_Work task:_ Your answer must consist of the records exactly as given, with no pictures included.
+ + +
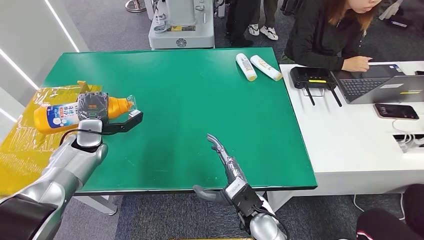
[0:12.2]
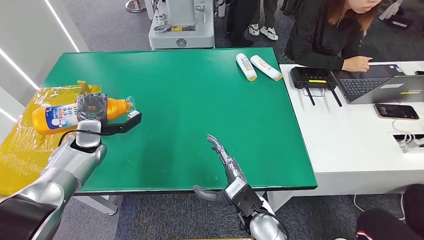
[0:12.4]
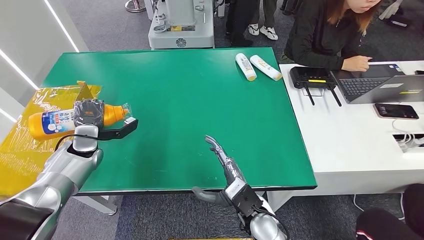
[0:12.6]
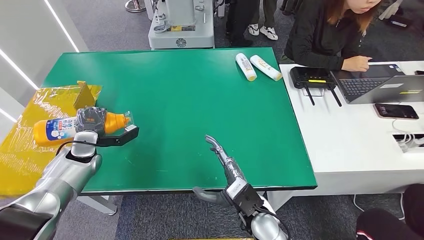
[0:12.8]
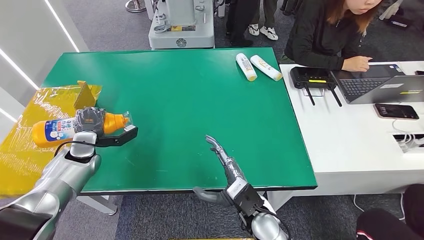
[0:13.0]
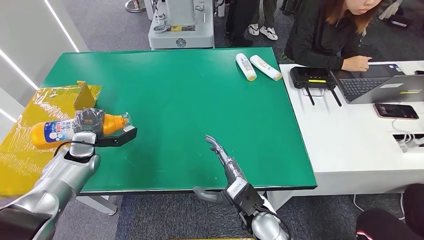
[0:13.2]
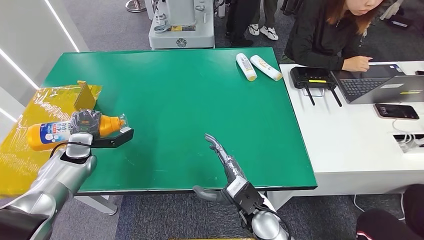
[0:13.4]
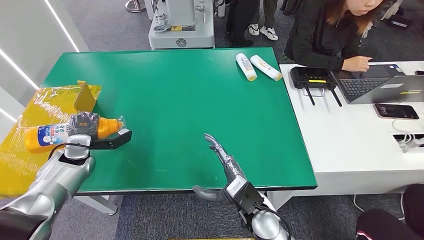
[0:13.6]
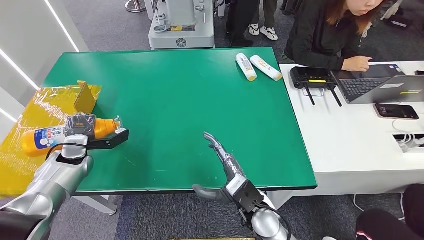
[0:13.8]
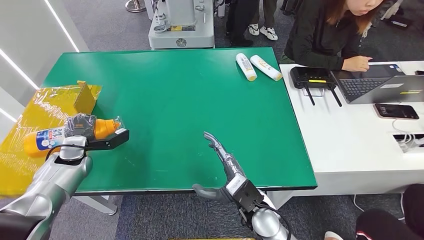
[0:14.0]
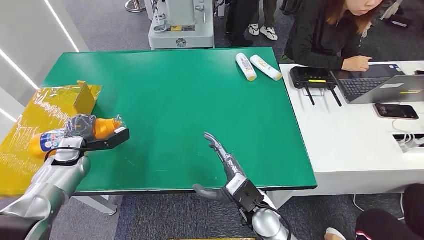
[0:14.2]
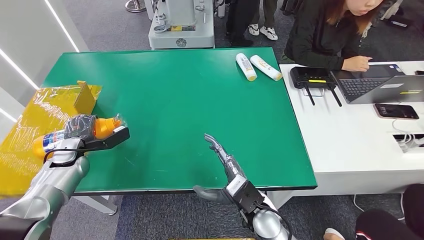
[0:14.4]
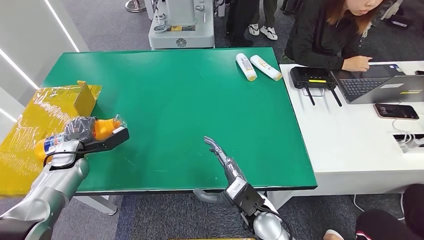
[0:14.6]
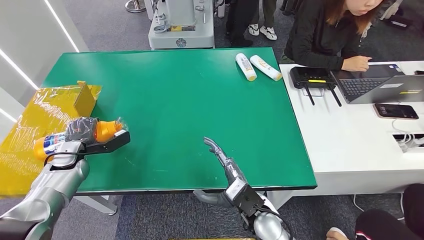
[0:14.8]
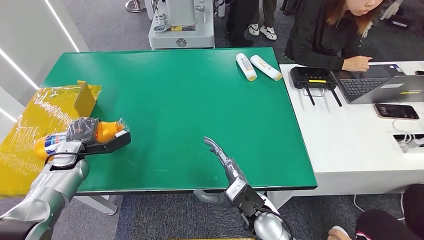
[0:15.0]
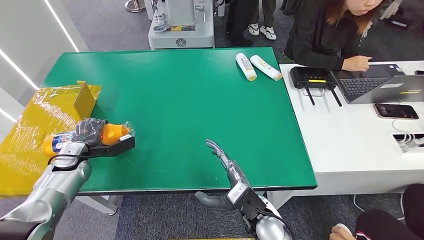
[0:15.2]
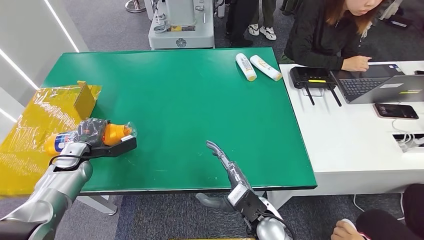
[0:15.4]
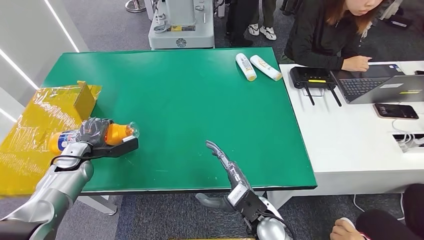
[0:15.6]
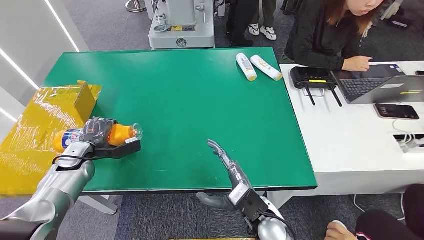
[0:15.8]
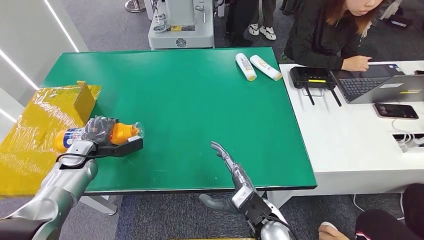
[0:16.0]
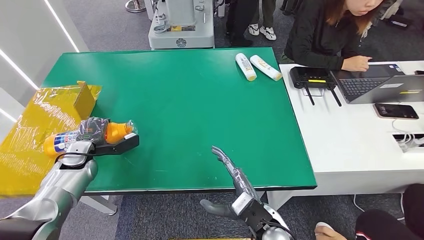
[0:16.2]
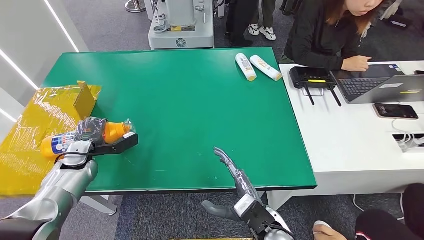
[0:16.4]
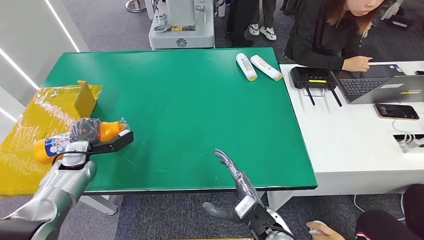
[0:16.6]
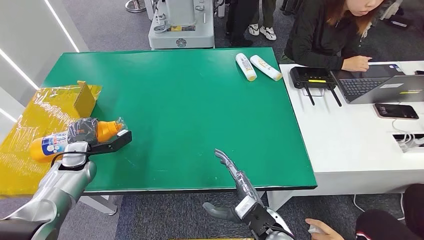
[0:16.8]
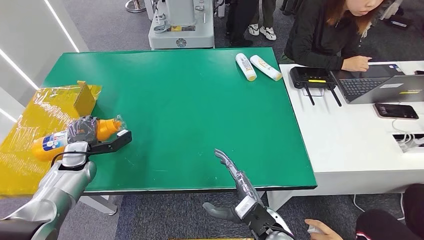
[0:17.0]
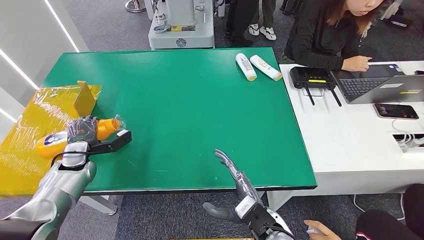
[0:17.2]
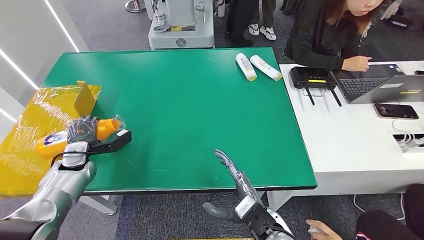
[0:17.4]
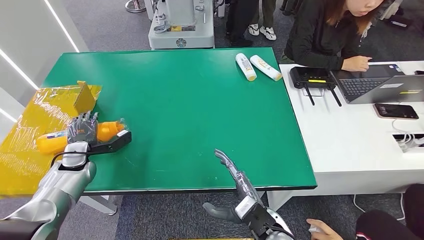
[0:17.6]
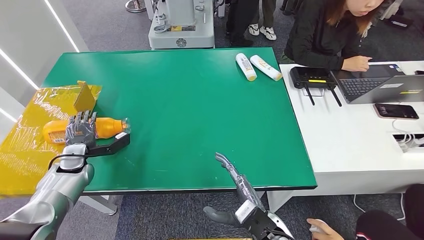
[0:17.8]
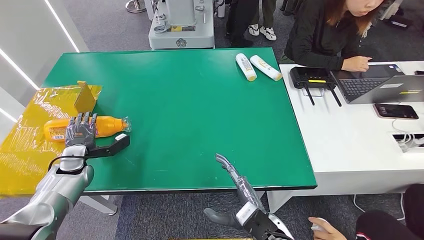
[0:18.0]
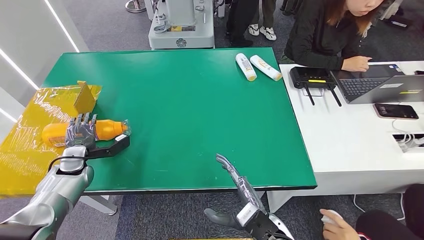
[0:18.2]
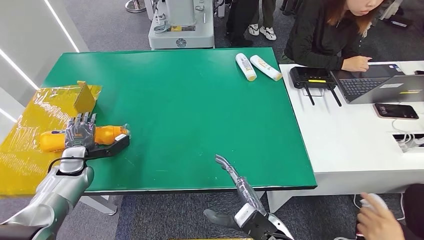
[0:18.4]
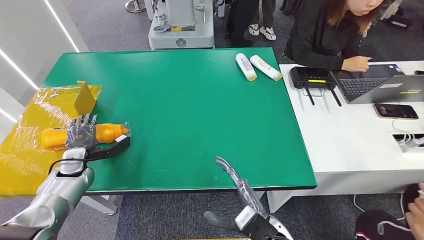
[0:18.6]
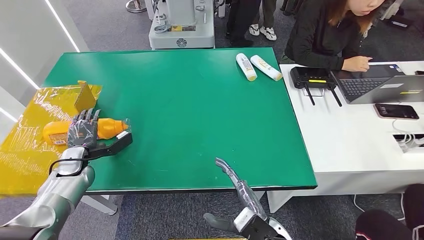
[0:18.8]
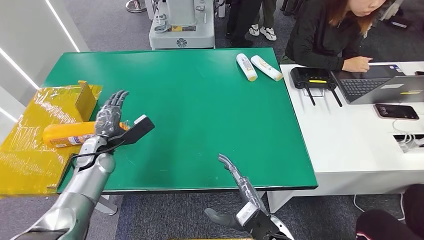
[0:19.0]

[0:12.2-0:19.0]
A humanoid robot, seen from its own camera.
0:12.2 to 0:13.6: The left hand changes place by approximately 5 cm.
0:15.0 to 0:17.6: There are only small adjustments of the hands.
0:17.6 to 0:19.0: The left hand shifts about 5 cm to the right.
+ + +
_Finished exercise:_
[0:12.2]
[0:12.4]
[0:12.6]
[0:12.8]
[0:13.0]
[0:13.2]
[0:13.4]
[0:13.6]
[0:13.8]
[0:14.0]
[0:14.2]
[0:14.4]
[0:14.6]
[0:14.8]
[0:15.0]
[0:15.2]
[0:15.4]
[0:15.6]
[0:15.8]
[0:16.0]
[0:16.2]
[0:16.4]
[0:16.6]
[0:16.8]
[0:17.0]
[0:17.2]
[0:17.4]
[0:17.6]
[0:17.8]
[0:18.0]
[0:18.2]
[0:18.4]
[0:18.6]
[0:18.8]
[0:19.0]

[0:12.2-0:19.0]
A humanoid robot, seen from its own camera.
0:12.2 to 0:13.6: The left hand changes place by approximately 5 cm.
0:15.0 to 0:17.6: There are only small adjustments of the hands.
0:17.6 to 0:19.0: The left hand shifts about 5 cm to the right.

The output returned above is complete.